Increased Serum Neutrophil Lymphocyte Ratio Raises the Risk for Peripheral Diabetic Neuropathy in Type 2 Diabetes Mellitus Patients
DOI:
https://doi.org/10.33192/smj.v75i9.263372Keywords:
diabetes mellitus, neutrophil-lymphocyte ratio, peripheral diabetic neuropathy, risk factorsAbstract
Objective: Peripheral diabetic neuropathy (PDN) is among the most prevalent diabetes mellitus (DM) sequelae. PDN is a severe health issue that represents a huge social and economic burden worldwide, is associated with long-term morbidity, and diminishes the quality of life of those affected. The neutrophil-lymphocyte ratio (NLR) is a mixture of the two primary components of chronic inflammatory diseases (high neutrophils and low lymphocytes) that contribute to the production of PDN. This study aimed to demonstrate high serum NRL levels enhance the risk of PDN in type 2 DM patients.
Materials and Methods: This study employed a case-control design, collecting data from the registers and outpatient medical records of Prof. Dr. IGNG Ngoerah General Hospital type 2 DM patients who satisfied the inclusion and exclusion criteria between January 2018 and December 2019. Based on clinical neuropathy and abnormal electrodiagnostic testing, the PDN diagnosis was established. Serum NLR was collected from laboratory tests recorded by a computer.
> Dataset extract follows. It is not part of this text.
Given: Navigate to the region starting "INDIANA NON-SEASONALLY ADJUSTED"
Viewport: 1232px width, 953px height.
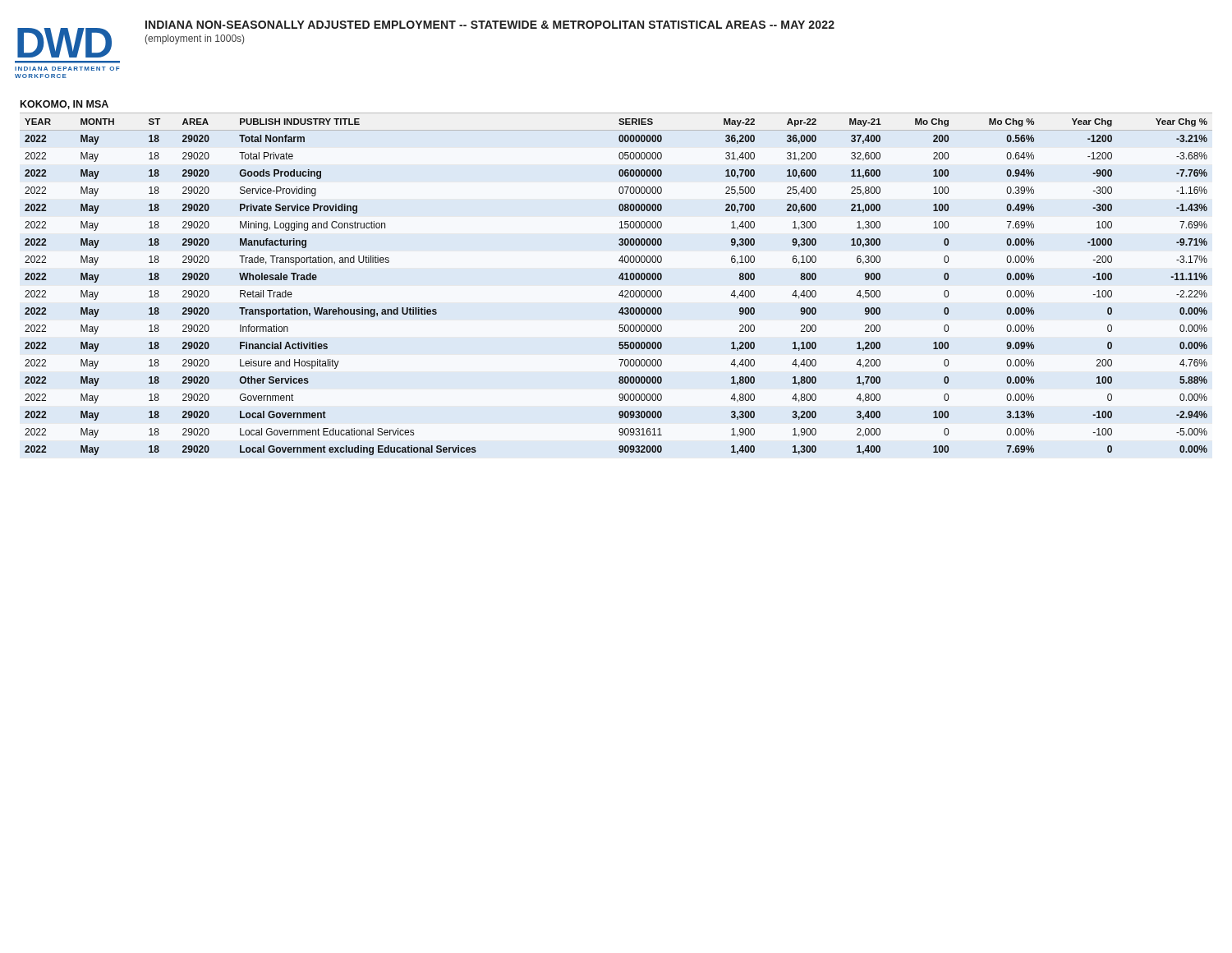Looking at the screenshot, I should click(x=490, y=25).

Results: The Receiver Operating Characteristic (ROC) curve approach determined the NLR cut-off value of 2.18. High NLR substantially increased the incidence of PDN (OR 10.36; 95% CI 3.69-29.07; p<0.001). Other characteristics evaluated, including duration of diabetes, usage of anti-diabetic medications, uncontrolled diabetes, obesity, hypertension, and dyslipidemia, were not significantly associated with the incidence of PDN. High serum NLR was an independent risk factor for PDN in type 2 DM patients (adjusted OR=10.36; 95% CI: 3.57-29.07; p<0.001).
Conclusion: Based on the findings of this investigation, it was determined that elevated serum NLR increases the risk of PDN events in patients with type 2 DM.